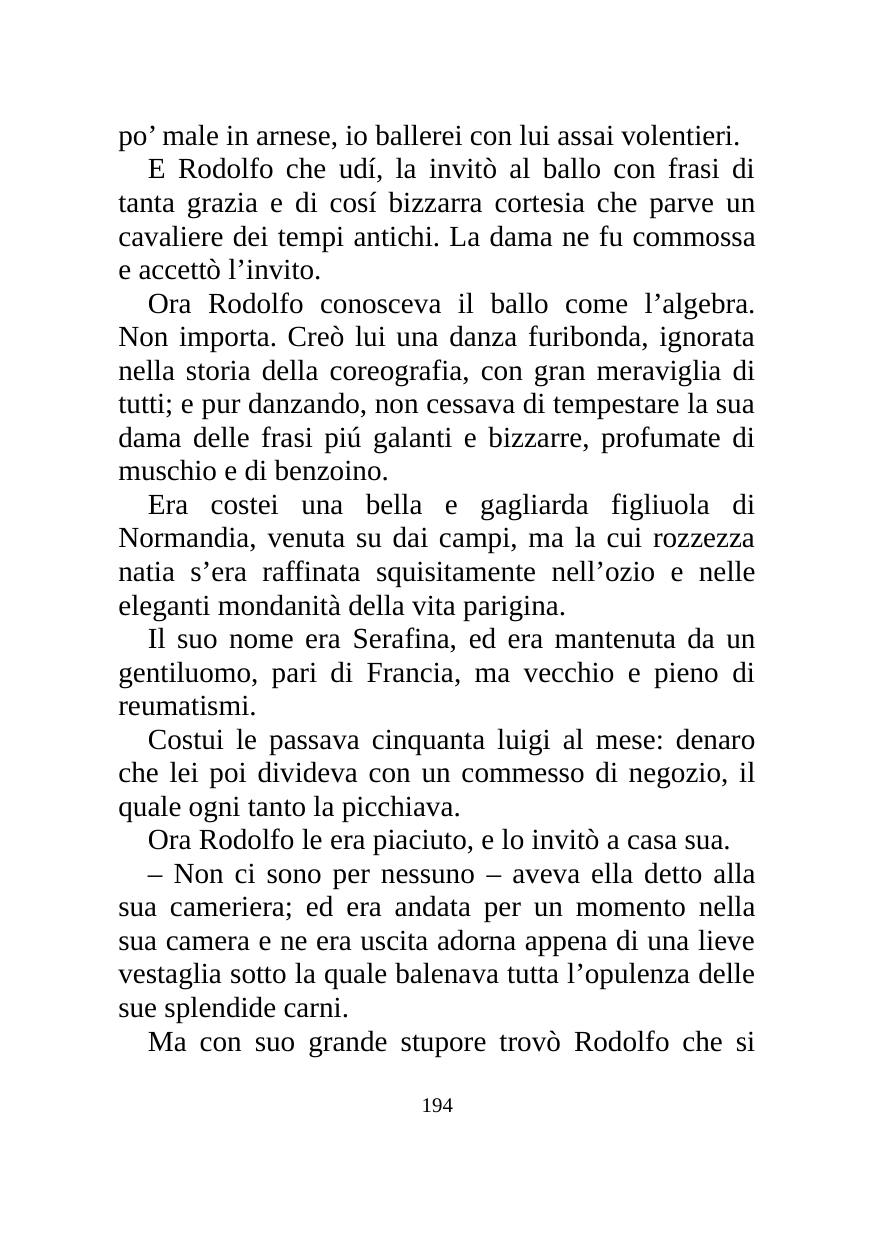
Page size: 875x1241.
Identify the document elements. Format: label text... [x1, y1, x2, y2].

text Costui le passava cinquanta luigi al mese: denaro che lei poi divideva con un commesso di negozio, il quale ogni tanto la picchiava. [118, 722, 756, 822]
text Era costei una bella e gagliarda figliuola di Normandia, venuta su dai campi, ma la cui rozzezza natia s’era raffinata squisitamente nell’ozio e nelle eleganti mondanità della vita parigina. [118, 487, 756, 621]
text E Rodolfo che udí, la invitò al ballo con frasi di tanta grazia e di cosí bizzarra cortesia che parve un cavaliere dei tempi antichi. La dama ne fu commossa e accettò l’invito. [118, 152, 756, 286]
text Il suo nome era Serafina, ed era mantenuta da un gentiluomo, pari di Francia, ma vecchio e pieno di reumatismi. [118, 621, 756, 722]
text Ma con suo grande stupore trovò Rodolfo che si [118, 1024, 756, 1057]
text Ora Rodolfo conosceva il ballo come l’algebra. Non importa. Creò lui una danza furibonda, ignorata nella storia della coreografia, con gran meraviglia di tutti; e pur danzando, non cessava di tempestare la sua dama delle frasi piú galanti e bizzarre, profumate di muschio e di benzoino. [118, 286, 756, 487]
text Ora Rodolfo le era piaciuto, e lo invitò a casa sua. [118, 822, 756, 856]
text po’ male in arnese, io ballerei con lui assai volentieri. [118, 118, 756, 152]
text ‒ Non ci sono per nessuno ‒ aveva ella detto alla sua cameriera; ed era andata per un momento nella sua camera e ne era uscita adorna appena di una lieve vestaglia sotto la quale balenava tutta l’opulenza delle sue splendide carni. [118, 856, 756, 1024]
# # # #
**What to work on**.
Among the lines above, find those holding "frasi" and copy each one.

**Answer below**.
text E Rodolfo che udí, la invitò al ballo con frasi di tanta grazia e di cosí bizzarra cortesia che parve un cavaliere dei tempi antichi. La dama ne fu commossa e accettò l’invito. [118, 152, 756, 286]
text Ora Rodolfo conosceva il ballo come l’algebra. Non importa. Creò lui una danza furibonda, ignorata nella storia della coreografia, con gran meraviglia di tutti; e pur danzando, non cessava di tempestare la sua dama delle frasi piú galanti e bizzarre, profumate di muschio e di benzoino. [118, 286, 756, 487]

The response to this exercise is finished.